>>>

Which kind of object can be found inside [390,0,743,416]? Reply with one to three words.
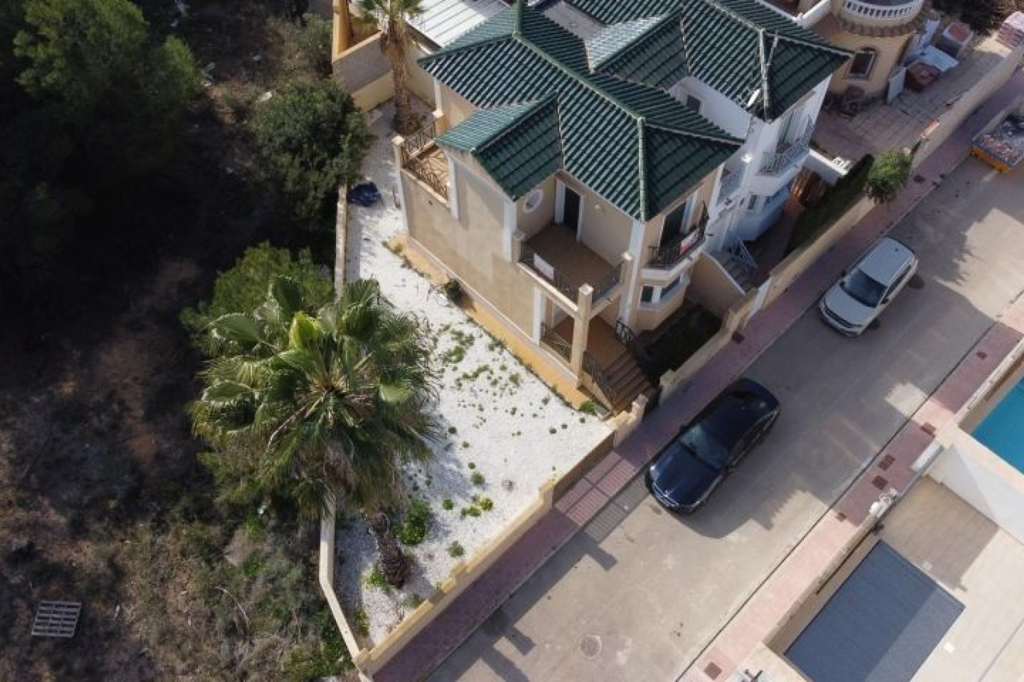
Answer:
house
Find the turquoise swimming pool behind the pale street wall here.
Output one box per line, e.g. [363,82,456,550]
[971,368,1024,468]
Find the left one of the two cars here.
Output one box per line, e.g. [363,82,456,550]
[646,382,780,513]
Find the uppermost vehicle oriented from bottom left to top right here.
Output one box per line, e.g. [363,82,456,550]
[817,236,927,343]
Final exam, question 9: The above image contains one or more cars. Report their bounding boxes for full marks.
[817,236,927,343]
[646,382,780,513]

<<<

- [TASK DESCRIPTION]
Wherever the string "Find" appears in a line above, copy that line.

- [RESULT FOR THIS TASK]
Find the turquoise swimming pool behind the pale street wall here.
Find the left one of the two cars here.
Find the uppermost vehicle oriented from bottom left to top right here.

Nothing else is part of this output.